RESULTS: The present study involved 742 RSA analyses. The mean migration at 10 years was 1.66 mm for HA, 2.25 mm for uncoated and 0.79 mm for the cemented group (p < 0.001). The reduction of migration by HA as compared to uncoated components was most pronounced for subsidence and external rotation. 3 tibial components were revised for aseptic loosening (2 uncoated and 1 cemented), 3 for septic loosening (2 uncoated and 1 cemented), and 1 for instability (HA-coated). 2 of these cases were revised for secondary loosening after a period of stability: 1 case of osteolysis and 1 case of late infection. There were no statistically significant differences between the fixation groups regarding clinical or radiographic scores.
INTERPRETATION: HA reduces migration of uncemented tibial components. This beneficial effect lasts for more than 10 years. Cemented components showed the lowest migration. Longitudinal follow-up of TKA with RSA allows early detection of secondary loosening.

RCT Entities:   Population Interventions Outcomes

The early fixation properties of hydroxyapatite (HA) coatings on prostheses have been extensively studied (Geesink 2002). Animal studies have shown that HA may convert fibrous tissue into bone, and that even under unstable mechanical conditions HA is capable of inducing bone growth across peri-implant gaps (Soballe et al. 1992a,b, 1993). Additionally, radiostereometric (RSA) studies have shown reduced early migration of HA-coated tibial components compared to porous coated or non-coated tibial components in total knee arthroplasty (TKA) (Nelissen et al. 1998, Regner et al. 2000, Toksvig-Larsen et al. 2000, Therbo et al. 2008).

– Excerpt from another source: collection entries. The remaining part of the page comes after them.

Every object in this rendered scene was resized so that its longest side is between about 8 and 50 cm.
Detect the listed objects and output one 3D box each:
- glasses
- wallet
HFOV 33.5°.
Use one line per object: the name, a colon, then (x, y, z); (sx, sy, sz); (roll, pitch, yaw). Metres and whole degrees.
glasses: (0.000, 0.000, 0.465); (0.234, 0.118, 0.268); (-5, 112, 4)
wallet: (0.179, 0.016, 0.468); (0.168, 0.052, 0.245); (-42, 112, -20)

In contrast to early migration, the long-term migration of HA-coated tibial components has been scantily reported—as shown by a recent systematic review (Voigt and Mosier 2011). Thus, it is not clear whether the early biological fixation of HA-coated tibial components will endure and how the long-term migration compares to that of uncoated or cemented tibial components. Moreover, HA-specific complications such as delamination of the HA layer and third-body wear caused by HA particles have been reported in total hip arthroplasty and are potential problems in the long run (Bloebaum et al. 1994, Morscher et al. 1998).

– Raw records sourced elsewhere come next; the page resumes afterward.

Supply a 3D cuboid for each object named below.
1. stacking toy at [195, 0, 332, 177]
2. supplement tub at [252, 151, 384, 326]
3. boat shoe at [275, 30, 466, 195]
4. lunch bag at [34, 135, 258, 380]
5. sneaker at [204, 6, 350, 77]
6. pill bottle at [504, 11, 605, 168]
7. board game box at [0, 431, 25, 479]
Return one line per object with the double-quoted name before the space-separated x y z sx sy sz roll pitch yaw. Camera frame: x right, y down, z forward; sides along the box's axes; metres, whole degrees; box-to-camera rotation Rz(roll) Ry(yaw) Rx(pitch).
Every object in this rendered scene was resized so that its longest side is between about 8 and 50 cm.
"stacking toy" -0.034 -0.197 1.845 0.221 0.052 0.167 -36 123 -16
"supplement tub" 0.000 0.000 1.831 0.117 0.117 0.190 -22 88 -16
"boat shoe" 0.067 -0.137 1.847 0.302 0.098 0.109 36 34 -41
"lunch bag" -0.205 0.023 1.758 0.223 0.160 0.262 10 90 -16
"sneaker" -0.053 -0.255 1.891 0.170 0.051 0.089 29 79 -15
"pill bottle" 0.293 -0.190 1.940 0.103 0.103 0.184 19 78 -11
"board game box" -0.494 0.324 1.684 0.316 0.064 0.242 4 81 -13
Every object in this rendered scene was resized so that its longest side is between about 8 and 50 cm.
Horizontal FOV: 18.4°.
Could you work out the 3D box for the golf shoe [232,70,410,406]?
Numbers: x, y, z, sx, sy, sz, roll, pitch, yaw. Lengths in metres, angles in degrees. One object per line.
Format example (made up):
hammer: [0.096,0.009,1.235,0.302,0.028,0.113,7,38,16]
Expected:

We have already shown in a randomized radiostereometric trial of HA-coated, uncoated, and cemented tibial fixation that HA significantly reduces early migration compared to uncoated components (Nelissen et al. 1998). Here, we investigated the long-term (11- to 16-year) migration in these patients.

Patients and methods

Study design and patient demographics

68 consecutive posterior cruciate retaining TKAs (Interax; Howmedica, Rutherford, NJ) performed in 48 patients because of osteoarthritis or rheumatoid arthritis, were included in a randomized, controlled trial in an academic hospital between 1993 and 1998. The study was done in compliance with the Helsinki Declaration and was approved by the institutional ethics committee (pp 166/93; November 30, 1993), and patients gave informed consent. 24 TKAs were performed with cemented tibial components, 24 with HA-coated tibial components, and 20 with uncoated tibial components (Table 1).

Table 1.

Baseline characteristics. Values are mean (SD)

	Cement	HA	Uncoated
	(n = 24)	(n = 24)	(n = 20)
Age	69 (8.6)	63 (11)	65 (15)
Sex (F:M)	18:6	21:3	16:4
Diagnosis (RA:OA:SA) a	15:9:0	17:6:1	17:3:0
BMI	26 (3.8)	27 (4.9)	24 (3.3)
Preoperative FTA angle	176 (8.1)	174 (8.7)	171 (12)
Preoperative KSS	27 (11)	22 (17)	25 (21)
Preoperative KSS (function)	14 (18)	14 (21)	5 (11)

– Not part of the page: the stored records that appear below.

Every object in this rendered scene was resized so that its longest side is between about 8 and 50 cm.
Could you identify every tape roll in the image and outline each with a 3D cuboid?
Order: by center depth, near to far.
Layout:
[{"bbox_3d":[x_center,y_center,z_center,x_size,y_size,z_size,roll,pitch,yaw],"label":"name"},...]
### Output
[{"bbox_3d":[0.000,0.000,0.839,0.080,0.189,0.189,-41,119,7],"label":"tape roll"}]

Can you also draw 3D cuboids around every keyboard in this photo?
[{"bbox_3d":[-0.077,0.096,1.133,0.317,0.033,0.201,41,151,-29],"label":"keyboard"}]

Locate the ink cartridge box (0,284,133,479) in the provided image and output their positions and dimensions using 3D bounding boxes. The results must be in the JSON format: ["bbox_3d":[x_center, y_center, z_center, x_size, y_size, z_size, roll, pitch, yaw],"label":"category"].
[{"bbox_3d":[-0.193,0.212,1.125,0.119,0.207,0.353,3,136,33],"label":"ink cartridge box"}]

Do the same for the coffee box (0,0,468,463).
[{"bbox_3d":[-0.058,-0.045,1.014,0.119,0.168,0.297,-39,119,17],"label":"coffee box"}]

RA: rheumatoid arthritis; OA: osteoarthritis; SA: sequelae after septic arthritis.

Reporting was in accordance with the CONSORT guidelines and the RSA guidelines (Moher et al. 2001,Valstar et al. 2005). 2-year migration results and details of patients and methods have been reported previously (Nelissen et al. 1998).

Fixation of the tibial component with HA was compared to uncoated fixation and to fixation with cement. The inserts were made of ultra-high-molecular-weight polyethylene (UHMWPE), sterilized by gamma radiation in air, and machined from ram-extruded GUR 415 resin containing calcium stearate.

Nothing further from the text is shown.